First, I have run tophat with -r 50, however I have calculated than the mean inner distance is around 0
mean insert (195) - 2xread_size(100) = mean distance between mate pairs (-5).
I got with -5:
40915584 + 0 in total (QC-passed reads + QC-failed reads)
0 + 0 duplicates
40915584 + 0 mapped (100.00%:-nan%)
40915584 + 0 paired in sequencing
20381317 + 0 read1
20534267 + 0 read2
21446582 + 0 properly paired (52.42%:-nan%)
33030608 + 0 with itself and mate mapped
7884976 + 0 singletons (19.27%:-nan%)
0 + 0 with mate mapped to a different chr
0 + 0 with mate mapped to a different chr (mapQ>=5)
52783519 + 0 in total (QC-passed reads + QC-failed reads)
0 + 0 duplicates
and with 50:
52783519 + 0 mapped (100.00%:-nan%)
52783519 + 0 paired in sequencing
26328045 + 0 read1
26455474 + 0 read2
33127790 + 0 properly paired (62.76%:-nan%)

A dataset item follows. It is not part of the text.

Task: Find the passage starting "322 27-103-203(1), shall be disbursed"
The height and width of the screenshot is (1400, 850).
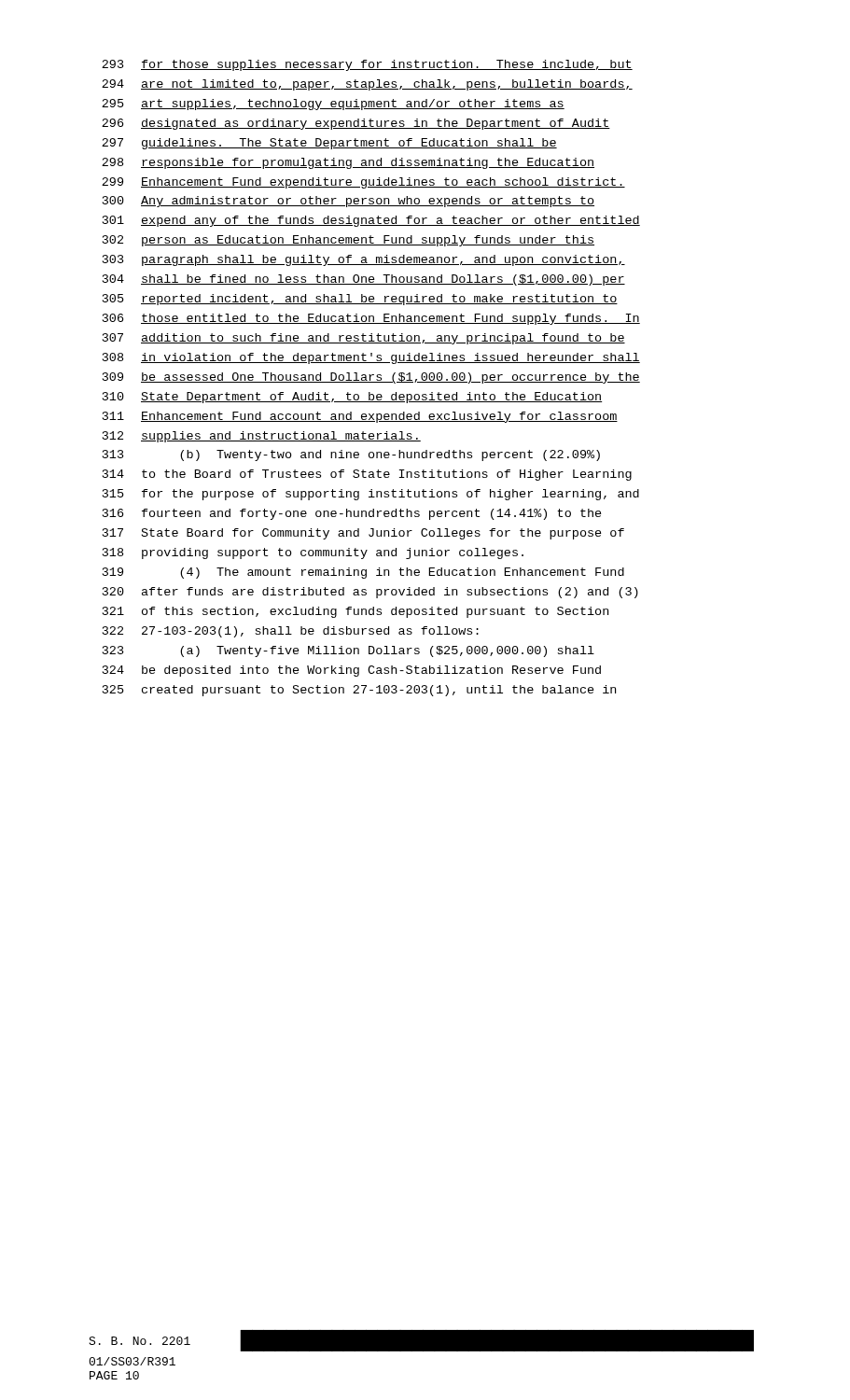Action: point(434,632)

42606738 + 0 with itself and mate mapped
10176781 + 0 singletons (19.28%:-nan%)
0 + 0 with mate mapped to a different chr
0 + 0 with mate mapped to a different chr (mapQ>=5)
The library is RNA-seq mapped to hg19, the total reads in FASTQ R1 are 78751541, so I'm confused.
What are your read lengths? 100? 250? 300? Pair end or no?
paired-end 100nt
This isn't likely a sufficient answer to your question, but when I use tophat (for rough analysis), I tend to use
-r
with 1/3 the read length. Giving tophat too high a number for-r
has always caused me problems in the past. When I went to the documentation, it gives the example of entering-r 200
for 300bp (paired end) reads.Why you have different numbers of starting reads (40915584 vs 52783519) for both cases?
These I think are not starting reads but a mapped ones.
My bad. This is an output from
samtools flagstat
. I thought this is a log file from Tophat2. I definitely need some coffee. Can't say whats going on right now but I would definitely go with results from the second case.